The appearance of campaign-level branded search controls in AI Max campaigns is another step toward a compromise: guided automation. This approach allows advertisers to set strategic boundaries—such as defining the target audience type or isolating brand intent—while leaving the tactical execution, bidding, and creative optimization to Google’s artificial intelligence.
What Search Marketers Should Do Next
Because this feature is currently in a testing phase, it may not yet be visible in all Google Ads accounts. However, proactive marketers should take several steps to prepare for its potential widespread rollout:
- Audit Current Campaigns: Review your active AI Max and Performance Max campaigns to see how much of their conversion volume is currently driven by branded search queries. Look at your search term insights to evaluate whether cannibalization is occurring.
- Check Account Settings: Regularly monitor your campaign settings tabs for the appearance of the “Branded Searches” control module. If your account is part of the test group, consider running a split test to compare the performance of an “unbranded only” AI Max campaign against your baseline.
- Refine Brand Lists: Take the time to build and clean your brand exclusion lists at the account level. Having these lists properly configured ensures that if and when the campaign-level controls become available, you can implement them smoothly and accurately.
- Re-evaluate Budget Allocation: Think about how your budgeting strategy might change if you could guarantee your AI Max campaign was only prospecting.

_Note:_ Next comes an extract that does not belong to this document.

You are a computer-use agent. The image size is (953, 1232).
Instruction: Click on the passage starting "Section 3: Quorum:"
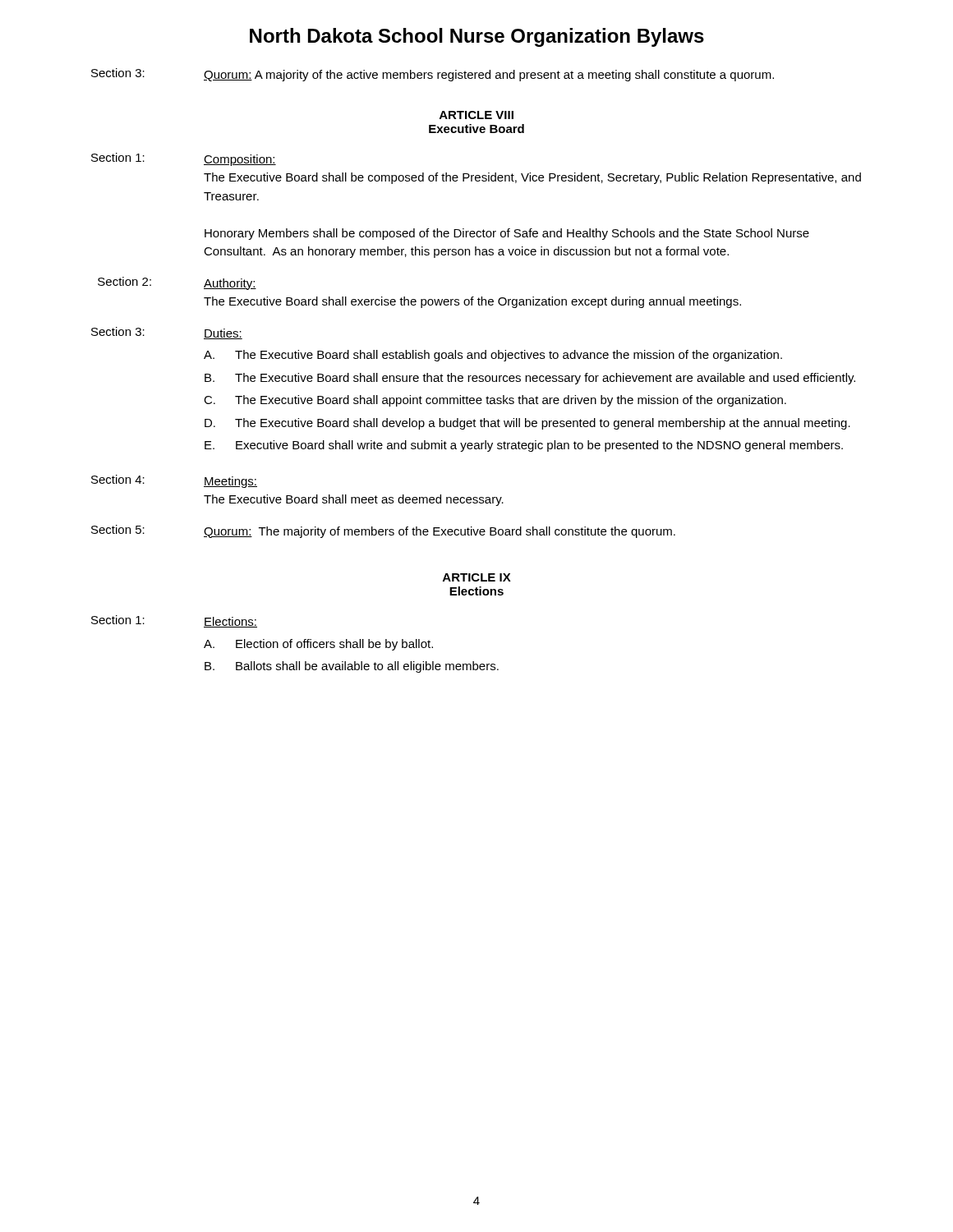pos(476,75)

You may want to shift budget out of generic search campaigns and into an “unbranded only” AI Max campaign, or conversely, allocate a dedicated budget to a highly controlled, manual brand campaign to capture high-intent traffic safely.
As search engines continue to integrate generative AI and complex automated bidding strategies deeper into their core products, the role of the search marketer is shifting from manual operator to strategic orchestrator. Features like the branded search controls currently being tested in AI Max campaigns provide the exact type of leverage marketers need to steer AI toward profitable, incremental growth.